Brief >>
Look below for the line holding "doc.units = ezdxf.units.MM" and the line holding "doc.linetypes.add(name, pattern=pattern)". Transcribe exactly those lines and all lines between them, nothing more.

Data records >>
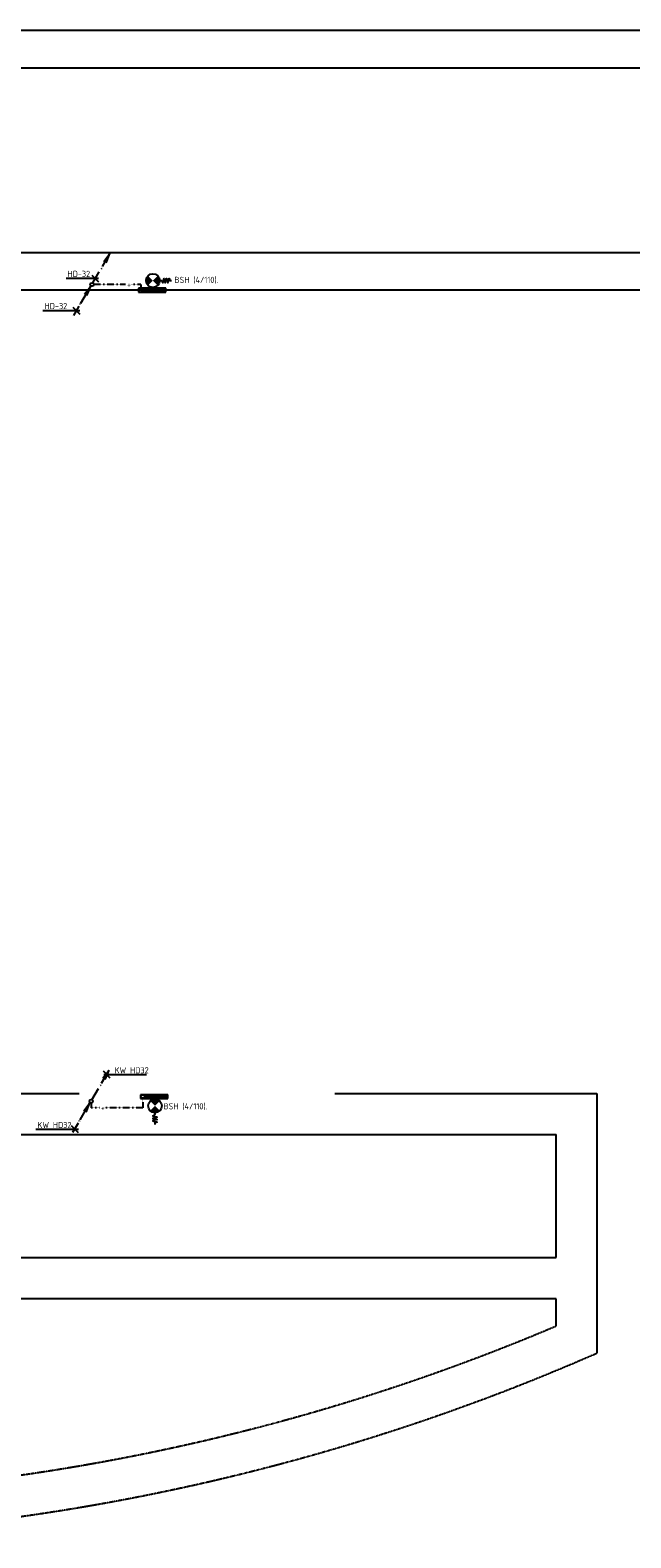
# Model space of a CAD drawing. Header units: millimetres. Extents: x 1514 to 100116, y -634 to 44710.
# Tile 7 of 11: x 36532 to 54100, y 608 to 44710. Entities that reach past the tile are written whole.
import ezdxf

# ---------------------------------------------------------------- set-up
doc = ezdxf.new("R2010")
doc.units = ezdxf.units.MM
for name, pattern in [('2322109', [10, 5, -2, 1, -2]), ('DASHED', [19.05, 12.7, -6.35]), ('KOUDWATER', [8.4, 4.8, -1.2, 1.2, -1.2]), ('KOUDWATERTAP', [1.1, 0.5, -0.25, 0.1, -0.25])]:
    doc.linetypes.add(name, pattern=pattern)
for name, color, linetype in [('51-LEIDING', 3, 'Continuous'), ('52', 3, 'Continuous'), ('52-KOUD', 3, 'KOUDWATERTAP'), ('54', 3, 'Continuous'), ('SYM-W', 7, 'Continuous'), ('WL531---', 132, 'Continuous'), ('WL5310--_KW', 2, 'KOUDWATER'), ('WM570---_MATEN-M', 7, 'Continuous')]:
    doc.layers.add(name, color=color, linetype=linetype)
doc.styles.add('ISO', font='ISO.SHX')

# ---------------------------------------------------------------- blocks, each defined once
blk = doc.blocks.new('W3-44')
at = {"layer": '54', "color": 2, "const_width": 2}
for points in [[(1.29, 0.71, 0.414214), (1.29, -0.71, 1)], [(2.71, -0.71, 0.414214), (2.71, 0.71, 1)]]:
    blk.add_lwpolyline(points, format="xyb", dxfattribs=at)
at = {"layer": '54', "color": 7}
blk.add_lwpolyline([(4, 0), (4.5, 0), (4.88, -0.63), (5.26, 0.63), (5.63, -0.63), (6.01, 0.63), (6.39, -0.63), (6.77, 0.63), (6.96, 0), (7.46, 0)], dxfattribs=at)
at = {"layer": '54', "color": 2}
blk.add_circle((2, 0), 2, dxfattribs=at)
blk = doc.blocks.new('*X21')
at = {"color": 0}
for p, q in [((29158, 61986), (29262, 62089)), ((29158, 61999), (29248, 62089)), ((29158, 62013), (29235, 62089)), ((29158, 62026), (29222, 62089)), ((29158, 62040), (29208, 62089)), ((29158, 62053), (29195, 62089)), ((29158, 62067), (29181, 62089)), ((29158, 62080), (29168, 62089)), ((29158, 61972), (29268, 62082)), ((29158, 61959), (29268, 62069)), ((29158, 61945), (29268, 62055)), ((29158, 61932), (29268, 62042)), ((29158, 61918), (29268, 62028)), ((29158, 61905), (29268, 62015)), ((29158, 61891), (29268, 62001)), ((29158, 61878), (29268, 61988)), ((29158, 61865), (29268, 61975)), ((29158, 61851), (29268, 61961)), ((29158, 61838), (29268, 61948)), ((29158, 61824), (29268, 61934)), ((29158, 61811), (29268, 61921)), ((29158, 61797), (29268, 61907)), ((29158, 61784), (29268, 61894)), ((29158, 61770), (29268, 61880)), ((29158, 61757), (29268, 61867)), ((29158, 61743), (29268, 61853)), ((29158, 61730), (29268, 61840)), ((29158, 61716), (29268, 61826)), ((29158, 61703), (29268, 61813)), ((29158, 61689), (29268, 61799)), ((29158, 61676), (29268, 61786)), ((29158, 61662), (29268, 61772)), ((29158, 61649), (29268, 61759)), ((29158, 61636), (29268, 61746)), ((29158, 61622), (29268, 61732)), ((29158, 61609), (29268, 61719)), ((29158, 61595), (29268, 61705)), ((29158, 61582), (29268, 61692)), ((29158, 61568), (29268, 61678)), ((29158, 61555), (29268, 61665)), ((29158, 61541), (29268, 61651)), ((29158, 61528), (29268, 61638)), ((29158, 61514), (29268, 61624)), ((29158, 61501), (29268, 61611)), ((29158, 61487), (29268, 61597)), ((29158, 61474), (29268, 61584)), ((29158, 61460), (29268, 61570)), ((29158, 61447), (29268, 61557)), ((29158, 61433), (29268, 61543)), ((29158, 61420), (29268, 61530)), ((29168, 61416), (29268, 61517)), ((29182, 61416), (29268, 61503)), ((29195, 61416), (29268, 61490)), ((29209, 61416), (29268, 61476)), ((29222, 61416), (29268, 61463)), ((29236, 61416), (29268, 61449)), ((29249, 61416), (29268, 61436)), ((29263, 61416), (29268, 61422))]:
    blk.add_line(p, q, dxfattribs=at)

msp = doc.modelspace()

# ---------------------------------------------------------------- linework, layer by layer
at = {"linetype": 'DASHED'}
for p, q in [((53114, 6016), (53114, 13610)), ((51914, 8810), (51914, 12410)), ((51914, 6806), (51914, 7610))]:
    msp.add_line(p, q, dxfattribs=at)
at = {"layer": '51-LEIDING'}
for p, q in [((40502, 37159), (39702, 37159)), ((39702, 37159), (39702, 37049)), ((39702, 37049), (40502, 37049)), ((39829, 37159), (39829, 37049)), ((40502, 37049), (40502, 37159)), ((40562, 13570), (39762, 13570)), ((39762, 13570), (39762, 13460)), ((39762, 13460), (40562, 13460)), ((39889, 13570), (39889, 13460)), ((40562, 13460), (40562, 13570))]:
    msp.add_line(p, q, dxfattribs=at)
at = {"layer": '52', "color": 1, "linetype": 'Continuous'}
for p, q in [((38648, 37801), (38866, 38180)), ((38683, 37941), (38866, 38180)), ((38751, 37901), (38866, 38180)), ((38366, 37314), (38554, 37638)), ((38017, 36728), (38308, 37225)), ((38124, 36986), (38308, 37225)), ((38192, 36947), (38308, 37225)), ((37808, 36359), (37968, 36636)), ((38621, 13912), (38840, 14291)), ((38656, 14052), (38840, 14291)), ((38724, 14013), (38840, 14291)), ((38340, 13425), (38527, 13750)), ((37991, 12839), (38281, 13337)), ((38097, 13098), (38281, 13337)), ((38166, 13058), (38281, 13337)), ((37781, 12471), (37941, 12748))]:
    msp.add_line(p, q, dxfattribs=at)
for centre in [(38341, 37270), (38315, 13382)]:
    msp.add_circle(centre, 50, dxfattribs=at)
at = {"layer": '54', "color": 7}
for p, q in [((38529, 37444), (37581, 37444)), ((37980, 36502), (36902, 36502))]:
    msp.add_line(p, q, dxfattribs=at)
at = {"layer": 'SYM-W', "color": 7}
for p, q in [((38334, 37544), (38534, 37344)), ((37784, 36602), (37984, 36402))]:
    msp.add_line(p, q, dxfattribs=at)
at = {"layer": 'WL531---', "linetype": '2322109'}
for p, q in [((39319, 37269), (38397, 37269)), ((39766, 37269), (39472, 37269)), ((39766, 37269), (39766, 37148)), ((38315, 13332), (38315, 13189)), ((39827, 13462), (39827, 13189)), ((38555, 13189), (38315, 13189)), ((39827, 13189), (38718, 13189))]:
    msp.add_line(p, q, dxfattribs=at)
for centre in [(39765, 37102), (39826, 13514)]:
    msp.add_circle(centre, 50, dxfattribs=at)
at = {"layer": 'WL5310--_KW', "color": 7, "linetype": 'Continuous'}
for p, q in [((38664, 14265), (38864, 14065)), ((38687, 14165), (39934, 14165)), ((36695, 12565), (37942, 12565)), ((37731, 12665), (37931, 12465))]:
    msp.add_line(p, q, dxfattribs=at)
at = {"layer": 'WM570---_MATEN-M', "linetype": 'DASHED'}
for p, q in [((1766, 44710), (70854, 44710)), ((1766, 43610), (70854, 43610)), ((19915, 38210), (70854, 38210)), ((19915, 37110), (70854, 37110)), ((20164, 13610), (37966, 13610)), ((45439, 13610), (53114, 13610)), ((19914, 12410), (51914, 12410)), ((2714, 8810), (51914, 8810)), ((2714, 7610), (51914, 7610))]:
    msp.add_line(p, q, dxfattribs=at)
for radius, start, end in [(63041, 247.03139, 292.96833), (64241, 246.32069, 293.67904)]:
    msp.add_arc((27314, 64849), radius, start, end, dxfattribs=at)

# ---------------------------------------------------------------- block references
at = {"layer": '51-LEIDING', "xscale": 100, "yscale": 100, "zscale": 100}
msp.add_blockref('W3-44', (39922, 37384), dxfattribs=at)
at = {"layer": '51-LEIDING', "color": 1, "rotation": 270}
for p in [(-21588, 66317), (-21527, 42729)]:
    msp.add_blockref('*X21', p, dxfattribs=at)
at = {"layer": '51-LEIDING', "xscale": 100, "yscale": 100, "zscale": 100, "rotation": 270}
msp.add_blockref('W3-44', (40182, 13442), dxfattribs=at)

# ---------------------------------------------------------------- texts
at = {"layer": '52', "color": 7, "style": 'ISO', "width": 0.75}
for p in [(38652, 37670), (38023, 36630), (38625, 13781), (37997, 12741)]:
    msp.add_text('+', height=150, rotation=61.3721, dxfattribs=at).set_placement(p)
at = {"layer": '52-KOUD', "color": 7, "style": 'ISO'}
for p in [(39363, 37180), (38599, 13097)]:
    msp.add_text('+', height=180, dxfattribs=at).set_placement(p)
at = {"layer": '54', "color": 7, "style": 'ISO'}
for p in [(37623, 37491), (36953, 36549)]:
    msp.add_text('HD-32', height=180, dxfattribs=at).set_placement(p)
at = {"layer": 'WL5310--_KW', "color": 7, "style": 'ISO'}
for p in [(40753, 37315), (40432, 13142)]:
    msp.add_text('BSH (4/110).', height=180, dxfattribs=at).set_placement(p)
at = {"layer": 'WL5310--_KW', "color": 7, "linetype": 'Continuous', "style": 'ISO'}
for p in [(39002, 14194), (36745, 12594)]:
    msp.add_text('KW HD32', height=180, dxfattribs=at).set_placement(p)

doc.saveas('drawing.dxf')

Answer for the task >>
doc.units = ezdxf.units.MM
for name, pattern in [('2322109', [10, 5, -2, 1, -2]), ('DASHED', [19.05, 12.7, -6.35]), ('KOUDWATER', [8.4, 4.8, -1.2, 1.2, -1.2]), ('KOUDWATERTAP', [1.1, 0.5, -0.25, 0.1, -0.25])]:
    doc.linetypes.add(name, pattern=pattern)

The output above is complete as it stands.